The problem with ntp isn't the client, it's the servers having to deal with forged UDP packets. Will ntpd ever become TCP-only? Sadly I'm not holding my breath. I stopped running a public stratum 3 server ~10 years ago.

brohee
1 replies
19h47m

When one can make a stratum 1 server for $100, there is very little reason for the continuous existence of public NTP servers. ISP can offer the service to their customers, and any company with a semblance of IT dept can have its own stratum 1.

ssl-3
0 replies
10h7m

One can build a GPS-backed stratum 1 server for a lot less than $100 in hardware (and I have done so in the past). It was a fun little project for me, but it involved a confluence of skillsets that many [especially smaller] companies may not collectively possess. And even then, it needs to be documented so someone else can work on it, and that maintenance has to actually-happen, and it needs a view of the sky in order for it to chooch, and it also needs redundancy. This takes time. (And if this IT department doesn't work for free, then the cost is very quickly a lot more than $100.)

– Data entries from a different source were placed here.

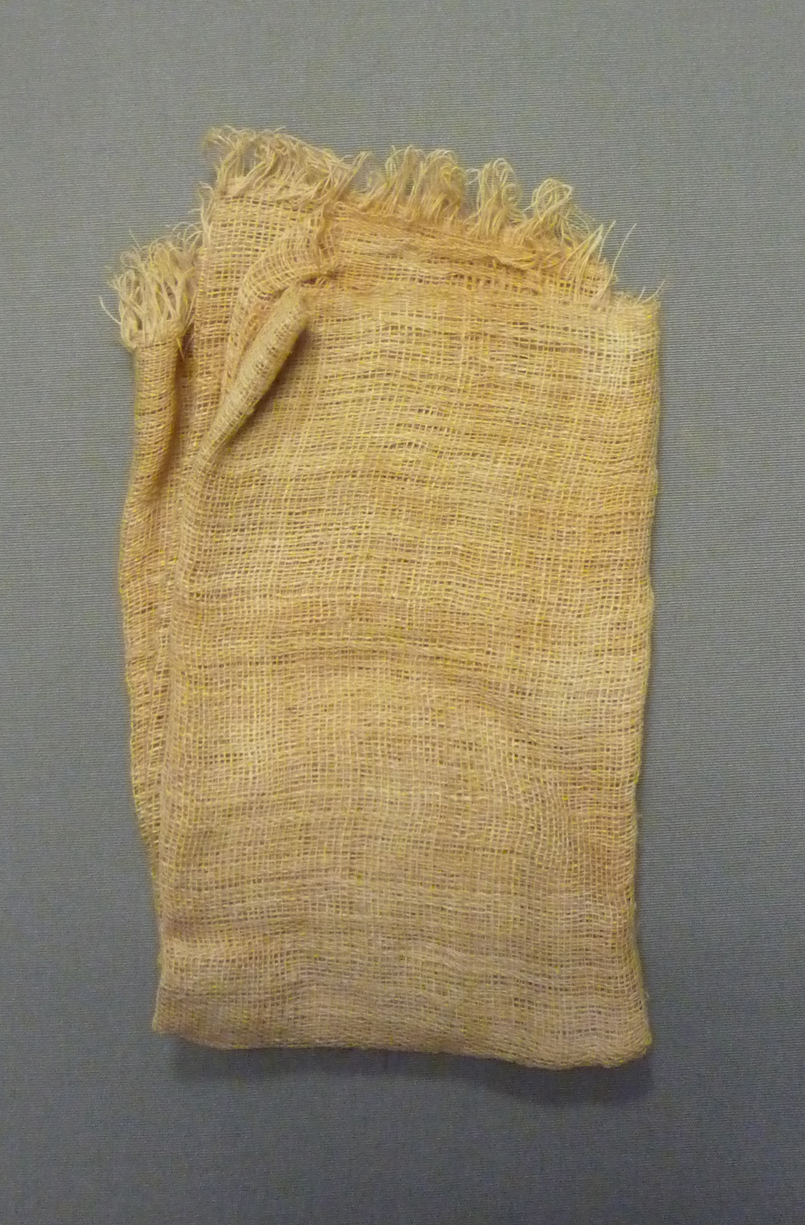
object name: linen
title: Model Sheet from a Foundation Deposit for Hatshepsut's Temple
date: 1479-1458 BCE
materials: linen
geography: egypt

And going full-assed with one or more actually-outside antennas can also be problematic, since it's a Bad Day when (eg) grounding is done improperly and lightning comes by to fuck their shit up.

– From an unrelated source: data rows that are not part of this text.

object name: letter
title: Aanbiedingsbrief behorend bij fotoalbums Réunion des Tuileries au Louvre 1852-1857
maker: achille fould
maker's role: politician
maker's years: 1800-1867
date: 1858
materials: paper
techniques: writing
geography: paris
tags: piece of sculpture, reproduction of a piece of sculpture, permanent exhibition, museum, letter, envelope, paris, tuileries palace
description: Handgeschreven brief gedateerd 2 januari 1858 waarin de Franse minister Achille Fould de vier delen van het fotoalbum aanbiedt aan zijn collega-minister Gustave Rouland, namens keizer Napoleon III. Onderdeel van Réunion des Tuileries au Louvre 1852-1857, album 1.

And ISPs can (and certainly should!) provide decent NTP servers. That's the logical place for shared servers, network-wise. But the one's choice of ISP is often limited by geography, and the most-viable ISP here stopped publishing what their NTP servers are -- if they still exist in a form that customers can use, they don't publish this information. (It wasn't always this way and I remember using them years ago when they were more forthcoming. They were shitty NTP servers with high jitter. Good enough for some things, I suppose, but not as good as the members of the public NTP pool tend to be.)

I mean: Many ISPs can't even manage to handle DNS queries quickly. When public servers like 8.8.8.8 and 1.1.1.1 (or the semi-public ones like 4.2.2.1) are faster than the ISP's own servers, then that's a problem. And it's a stupid problem, and it should not happen. But it does happen.

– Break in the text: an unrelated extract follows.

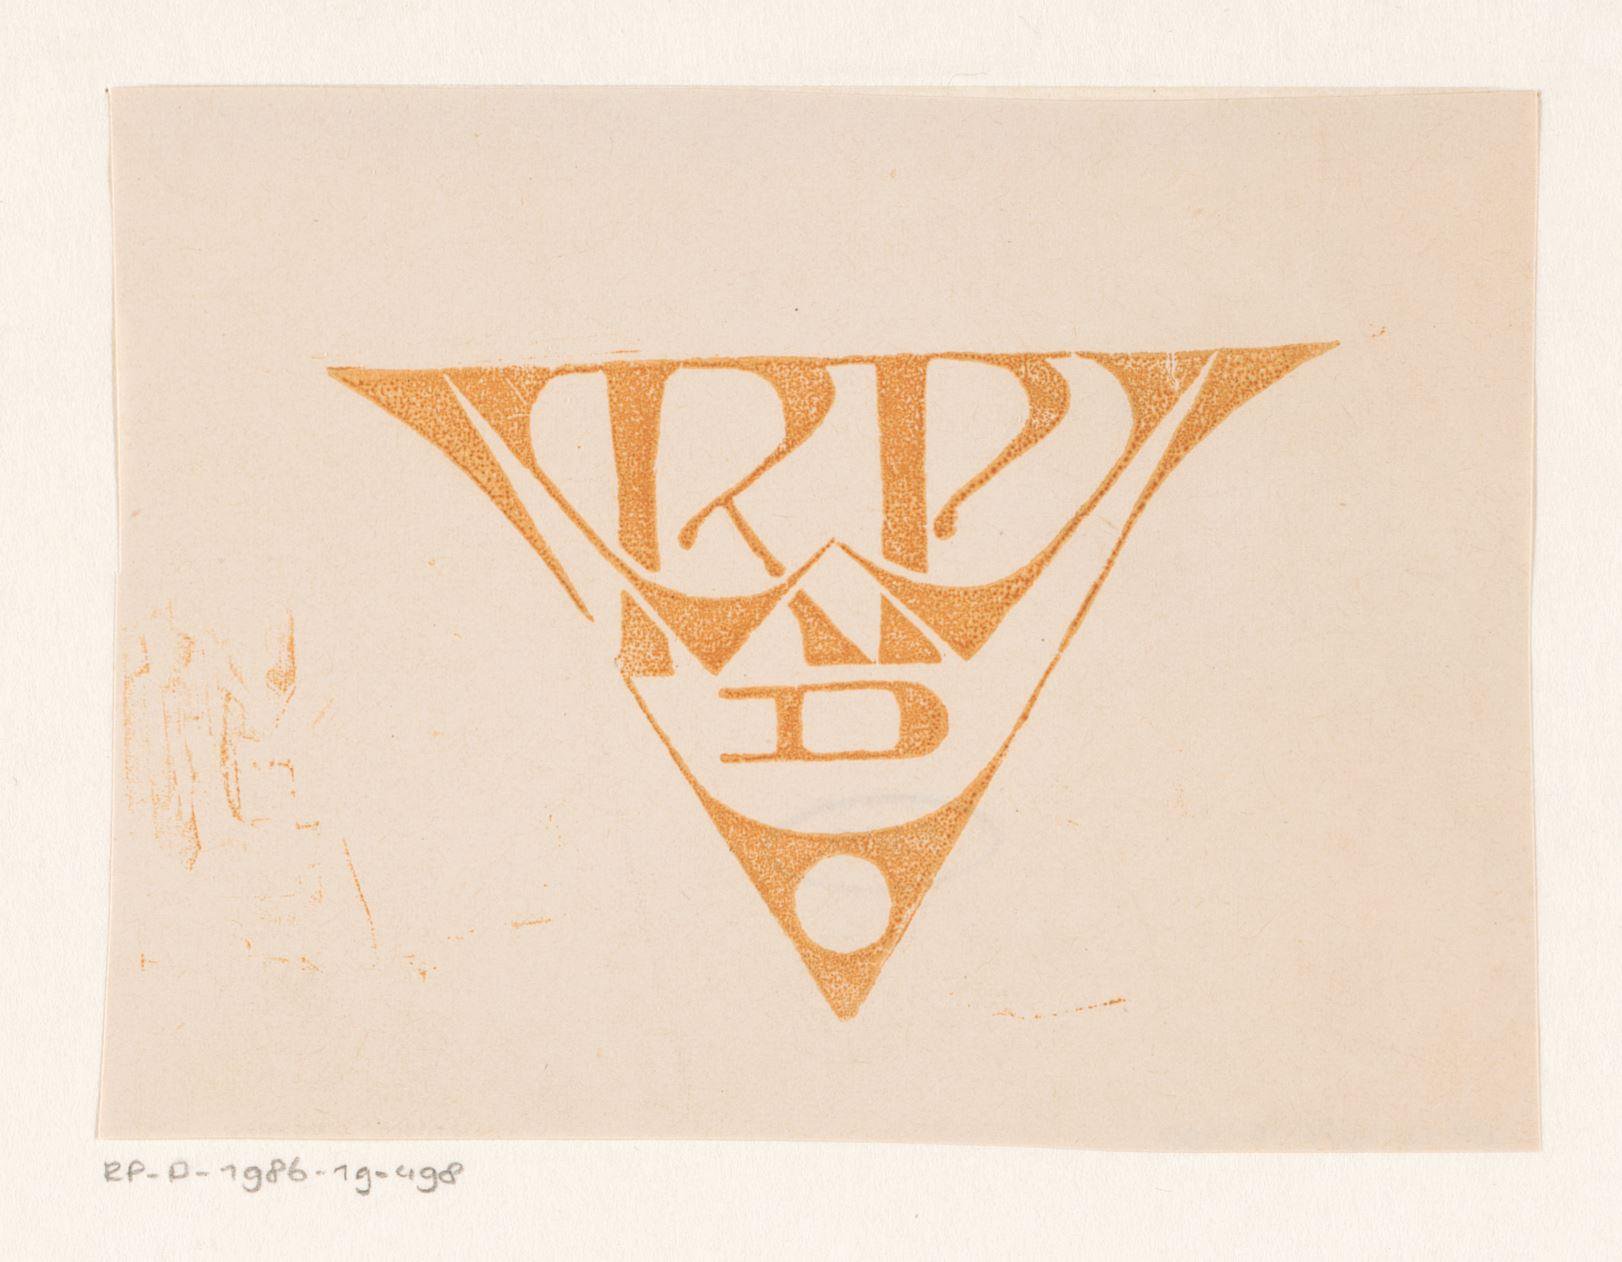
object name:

So thus, public NTP servers are useful for many -- including those who have a tinkered-together NTP server with a GPS antenna in a window somewhere, where public servers can be used as backup.

It's good to have options, and it's nice that some organizations provide some options for the greater network.

Faaak
0 replies
19h59m

On the contrary, I'm hosting a stratum 1 and 2 stratum 2s (at my previous company we offered 3 stratum 1s) on the ntp pool. It's useful, used, and still needed :-)

_joel
2 replies
20h17m

Reading this reminded me of ntpsec, anyone actually use that?

move-on-by
1 replies
17h25m

Yes, Debian transitioned to NTPSec with bookworm. The NTP package is just a dummy transitional package to that installs NTPsec.

https://packages.debian.org/bookworm/net/ntp

_joel
0 replies
6h22m

Interesting, thanks

NelsonMinar
1 replies
21h21m

I like the idea of NTPD in Rust. Is there anything to read about how well ntpd-rs performs? Would love a new column for chrony's comparison: https://chrony-project.org/comparison.html

Particularly interested in the performance stats, how well the daemon keeps time in the face of various network problems. Chrony is very good at this. Some of the other NTP implementations (not on that chart) are so bad they shouldn't be used in production.

rnijveld
0 replies
12h13m

In our internal testing we are very close to Chrony with our synchronization performance, some of our testing data and an explanation of our algorithm is published in our repository: https://github.com/pendulum-project/ntpd-rs/tree/main/docs/a...

Given the amount of testing we (and other parties) have done, and given the strong theoretical foundation of our algorithm I’m pretty confident we’d do well in many production environments. If you do find any performance issues though, we’d love to hear about them!

xvilka
0 replies
11h29m

BGP probably should be the next.

hoseja
0 replies
7h5m

Free pair of knee-high socks with every cert.